Average Age and English in starting 11 have very slight significance with younger non-English players are better being the trend.
Manager changes both have 1 star of significance. Change at the start is positive, change during is negative, but the later when brought into real world relevance is a bit inaccurate as the reason you change your manager is if you are already performing negatively.
The Adjusted R squared has fallen to 0.87 compared to the previous model but understandable when I removed the two most significant factors. Still reasonably good overall.
The two plots are similar but perhaps a bit more dispersed. Normality doesn’t extremely curve at the ends like the others but perhaps less on the line overall. Still shows a good model.
Like last time I shall try to improve it with steps however.

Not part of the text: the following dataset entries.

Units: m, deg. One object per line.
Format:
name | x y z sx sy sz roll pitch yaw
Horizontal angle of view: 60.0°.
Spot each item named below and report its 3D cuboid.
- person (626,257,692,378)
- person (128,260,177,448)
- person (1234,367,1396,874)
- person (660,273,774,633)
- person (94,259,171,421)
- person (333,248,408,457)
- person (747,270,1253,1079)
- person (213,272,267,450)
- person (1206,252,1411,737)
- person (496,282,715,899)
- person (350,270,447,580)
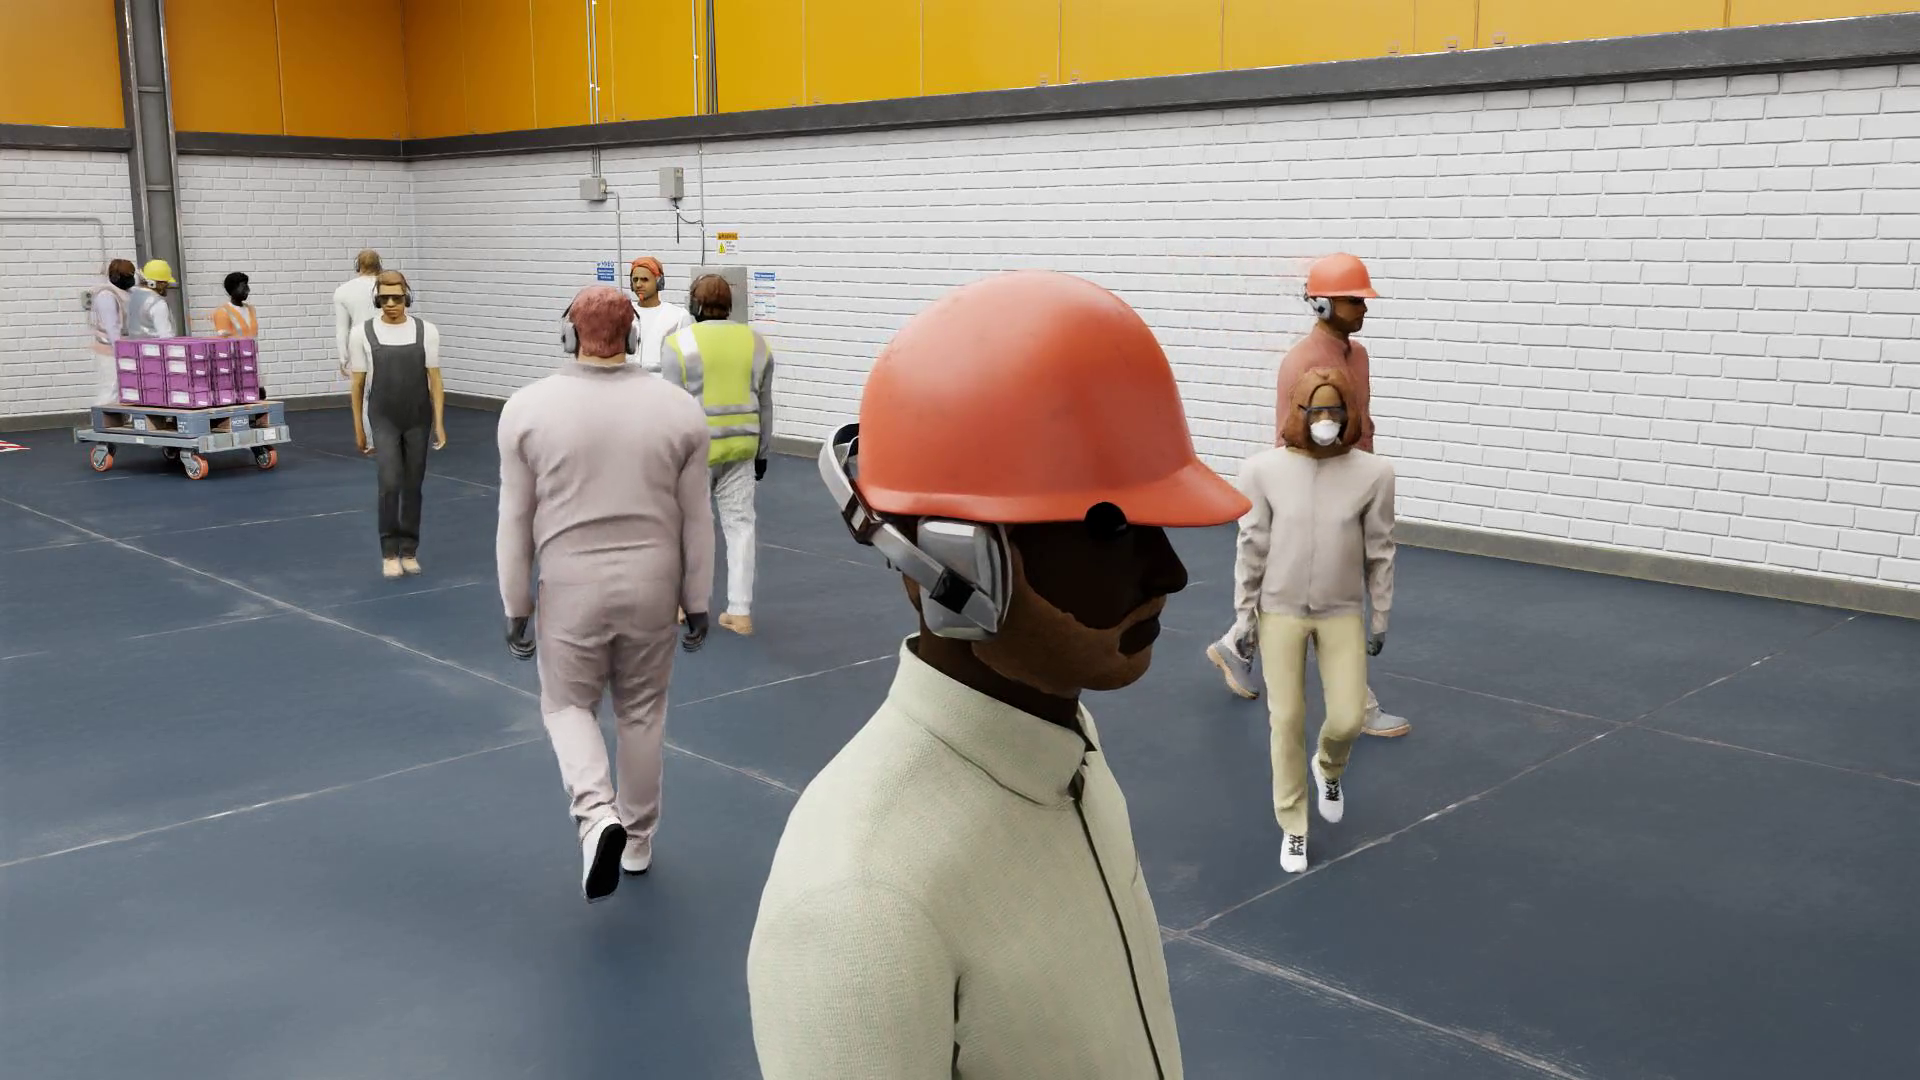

63.56 -1.146(AvgAge) + 1.73(CS) + 2.29(TS) -1.077(TSPct) + 3.846(MgrStart) -3.727(MgrDuring) – 0.874(English11).
Transfers are completely gone while so is Years in Division.
Noticeably clean sheets have jumped a bit.
Final fit summary
Again the Adjusted R squared has moved up by .1. Manager Start being an interesting new addition. Somewhat significant and worth 3.84 points. On one hand a lot but the value can only be 1 or 0. All the variables have at least slight significance but still the same as I described before the steps.
Final fit standard res
Final fit normality plot
Overall, I think my dataset was quite interesting. Technically removing goals scored and goals conceded made it worse but it allowed less obvious variables to be analysed and they didn’t disappoint. I was a bit surprised transfers didn’t come into it but maybe it fluctuated too much. Same goes for years in division. On both occasions steps improved my model but that’s to be expected.